My understanding of warp (https://docs.nvidia.com/cuda/cuda-programming-guide/01-intro...) is that you are essentially paying the cost of taking both the branches.

I understand with newer GPUs, you have clever partitioning / pipelining in such a way block A takes branch A vs block B that takes branch B with sync/barrier essentially relying on some smart 'oracle' to schedule these in a way that still fits in the SIMT model.

It still doesn't feel Turing complete to me. Is there an nvidia doc you can refer me to?

▲

rowanG077 an hour ago | parent [-]

That applies inside a single warp, notice the wording:

> In SIMT, all threads in the warp are executing the same kernel code, but each thread may follow different branches through the code.
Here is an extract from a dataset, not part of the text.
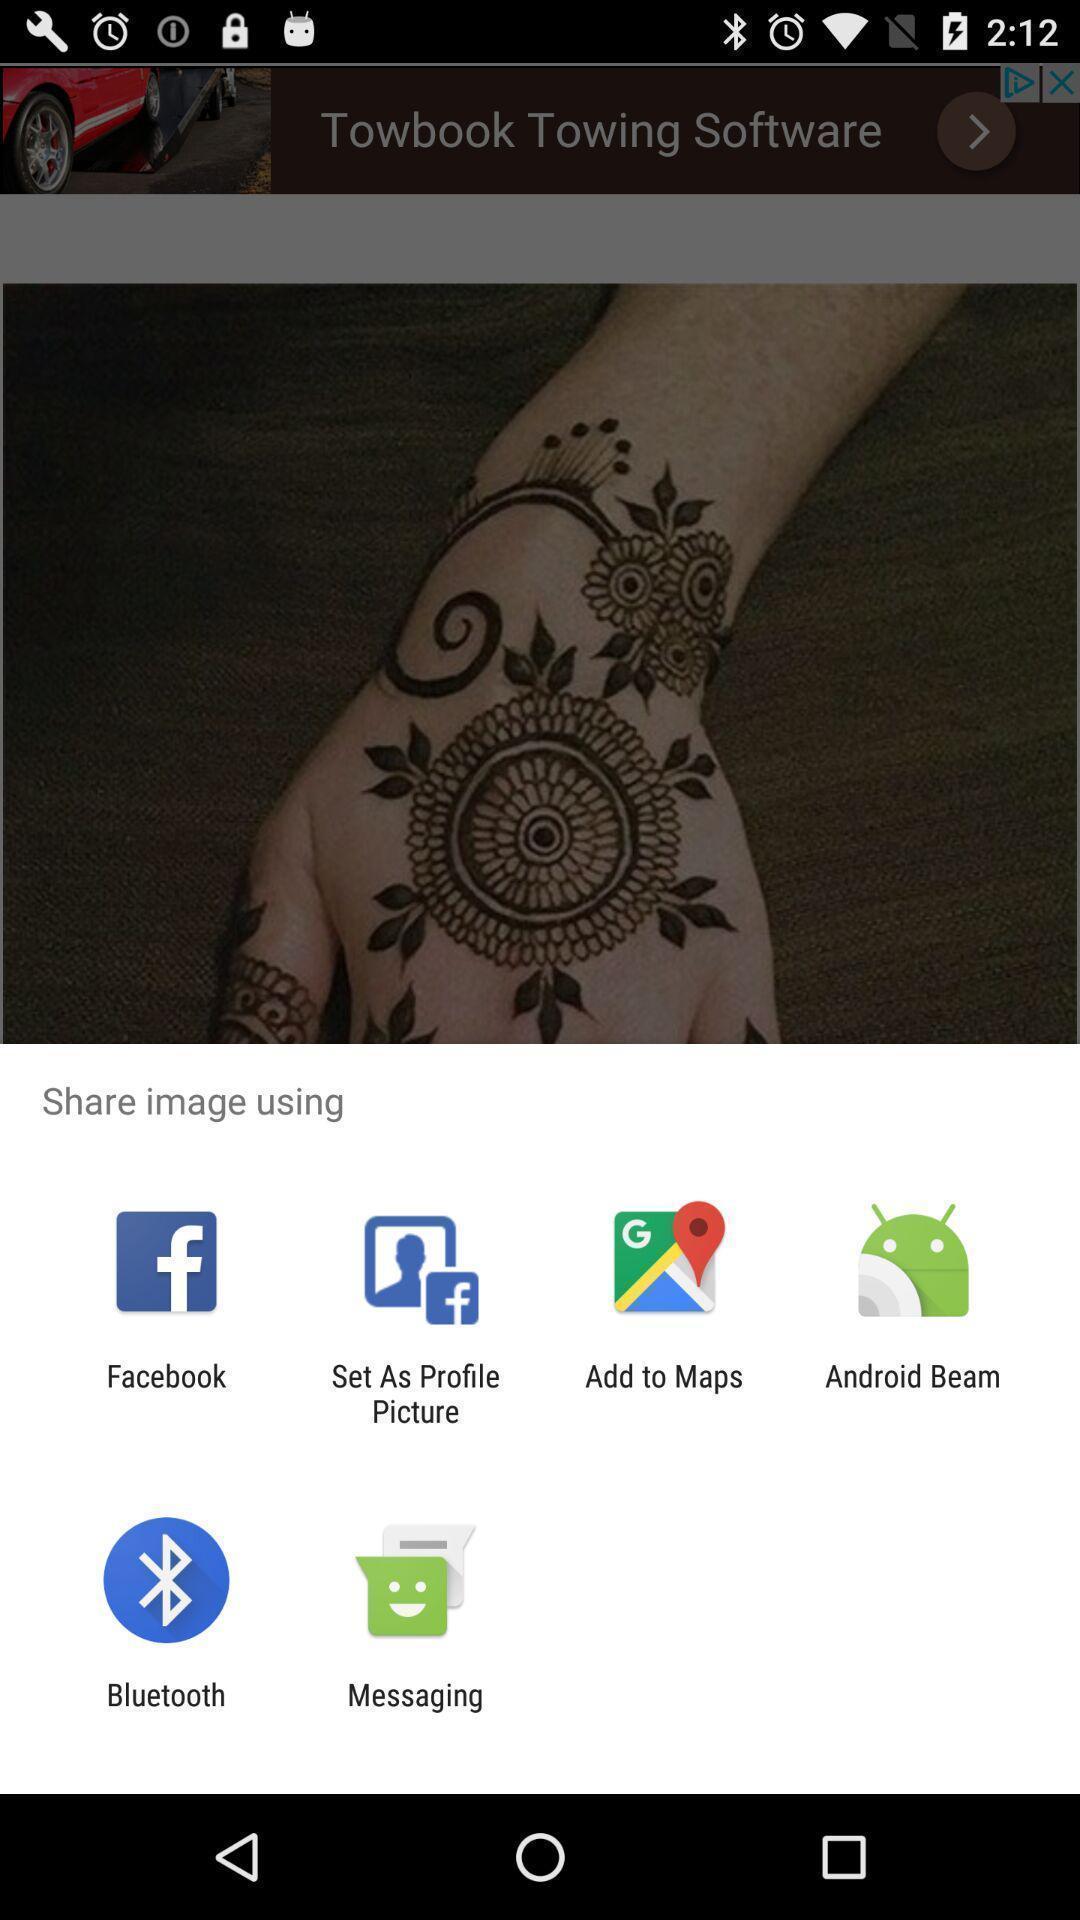Provide a description of this screenshot. Push up page showing app preference to share.

That is, though all threads of the program execute the same code, threads do not need to follow the same execution path.

This doesn't say anything about dependencies of multiple warps.

	▲	textlapse an hour ago \| parent [-]
		It's definitely possible, I am not arguing against that. I am just saying it's not as flexible/cost-free as you would on a 'normal' von Neumann-style CPU. I would love to see Rust-based code that obviates the need to write CUDA kernels (including compiling to different architectures). It feels icky to use/introduce things like async/await in the context of a GPU programming model which is very different from a traditional Rust programming model. You still have to worry about different architectures and the streaming nature at the end of the day. I am very interested in this topic, so I am curious to learn how the latest GPUs help manage this divergence problem.